Across channels, brands win or lose on what people feel, not just what they see. Touch, sound, light, motion, temperature, even scent are now part of how products are understood and how trust is built. If you are still designing for eyes only, you are giving someone else the edge.
This shows up in everyday moments. Phones buzz to mark progress. Lockers light and chime when an order is ready. Payment terminals give a short vibration that tells you the tap worked. Each signal reduces doubt and keeps people moving.
Take Duolingo, for example. Get an answer right and you don’t only see a check mark. You feel a quick, satisfying vibration synced with sound and the visual reward. That physical confirm turns a tiny win into momentum. More momentum means more time in product and more habit-building.
Retail is doing the same thing. Target Drive Up and Walmart Curbside send a ready alert, your phone buzzes with a pattern you recognize without looking, and the pickup bay uses clear light and sound so you know it is your order. Locker networks add another layer. Amazon Hub uses spoken prompts in some locations, and InPost opens the correct door with an immediate visual cue when you scan. Confidence stacks at every step. That is loyalty in the making.

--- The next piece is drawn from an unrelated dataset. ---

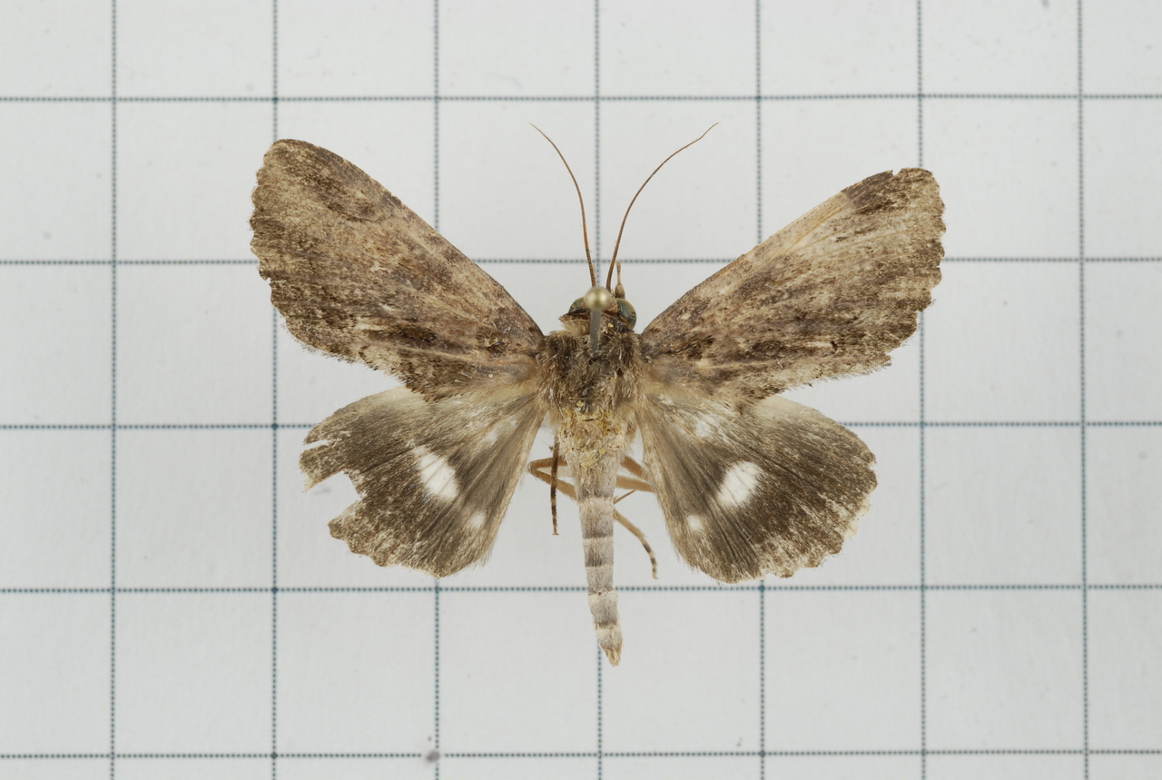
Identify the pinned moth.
Ercheia cyllaria
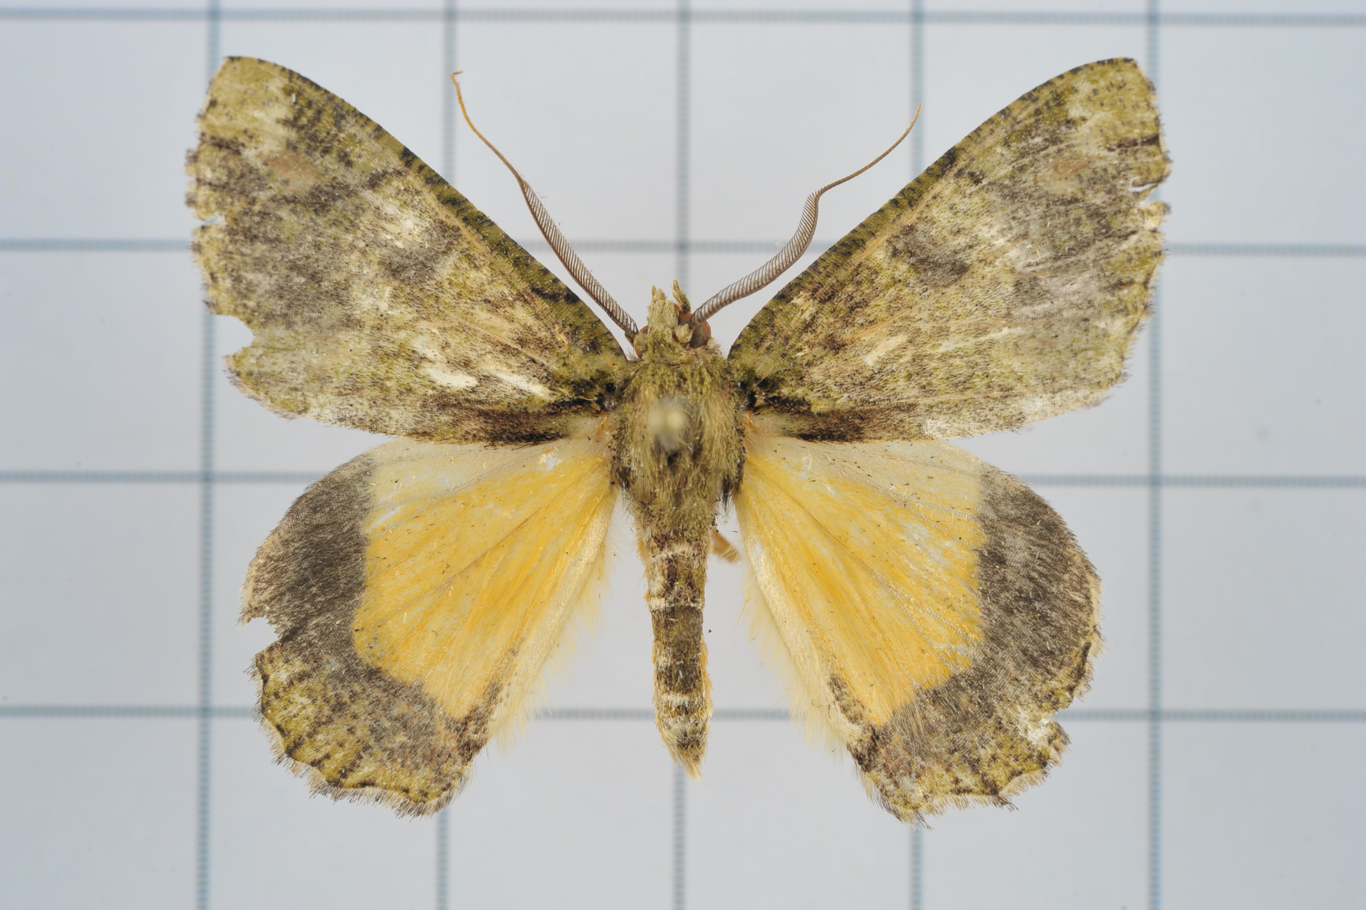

Payments and wearables reinforce the pattern. Apple Pay pairs a distinct haptic with a tone so you know the payment went through, even if you aren’t looking at the screen. Apple Watch and other wearables trigger specific tap patterns when you hit a workout goal. On connected fitness machines, the system raises resistance at the same moment a voice prompt and light cue trigger, so you hear, see, and feel the push together, which prompts an immediate effort.
Supermarkets are adopting the same idea at self-checkout points. We recently created a sound design track for a client in Europe that uses a clear audio palette to signal when certain moments on the customer journey have occurred during the self-serve check-out, like when a payment has gone through or there’s a bagging issue. The result is faster recognition and a brand moment you can hear.
Auto brands take it further. Premium EVs sync interior lighting, cabin sound, and scent with drive mode. Comfort feels warm and quiet. Sport feels cooler and more alert. The same cues are carried into the app, the test drive, and service updates. The driver does not just read a mode label. They experience it. That is brand, delivered through the senses.
Why omnichannel sensorial experiences matter
Digital has become efficient yet flat. Screens and self-service flows get the job done but too often feel cold. Sensory signals add what vision alone cannot: reassurance, momentum, and memory. People remember how an experience felt. If your brand is silent, still, and texture-less, it is forgettable. If every key step feels clear, confident, and human, it sticks, and customers come back.
“Build for memory by using touch, sound, and light, not visuals alone.”
Mike Jessick, Senior Director Experience Consulting at Empathy Lab
How to implement sensorial experiences across channels
1. Build a shared sensory playbook, not just visual and voice
Most brands define tone and visuals but rarely define how success, urgency, or reassurance should feel. Write simple, enforceable rules for app haptics, alert tones, payment confirmations, lighting, and texture or temperature cues at key in-store or in-app moments. Include a sound design system, a short and ownable audio mark that can pair with your logo in TV, social, and other multi modal touchpoints, and standardize how it is used across journeys. We offer these bespoke sound bites as part of our broader brand design system offering.
2. Make the cues consistent across app, site, and store
These touches shouldn’t be isolated experiences; they work better when they line up. The confirmation you feel in the app should match what you get at the pick-up point. The calm tone at checkout should match the tone in delivery updates. That synchronicity reinforces people’s digital and physical experience. Focus on alignment: signals should tell a coherent story.
3. Measure sensory performance, not just clicks
Treat these signals like KPIs. The Duolingo-style “you got it right” haptic sustains engagement, the grocery pickup buzz encourages return visits, and a clear payment tone increases checkout completion. A 2025 study found that phone vibrations trigger a distinct reward response that boosts online purchasing, and another showed haptic-enabled ads increased brand favorability by about 50%. Measure these steps so you can see where friction drops and revenue rises.
Sensor cues have now become part of the omnichannel experience. It’s no longer just how your brand looks and what it says. It’s how it feels to tap, pick up, checkout, and get support. People now expect that feeling to carry across all channels because to them it’s one journey.
The bottom line is that brands that get this right will feel more human to customers. They will be easier to remember and easier to return to. Brands that don’t will keep delivering one experience in the app, another one in-store, and a different one after the sale. Inconsistency erodes trust, and that shows up fast in lower conversion and fewer repeat purchases.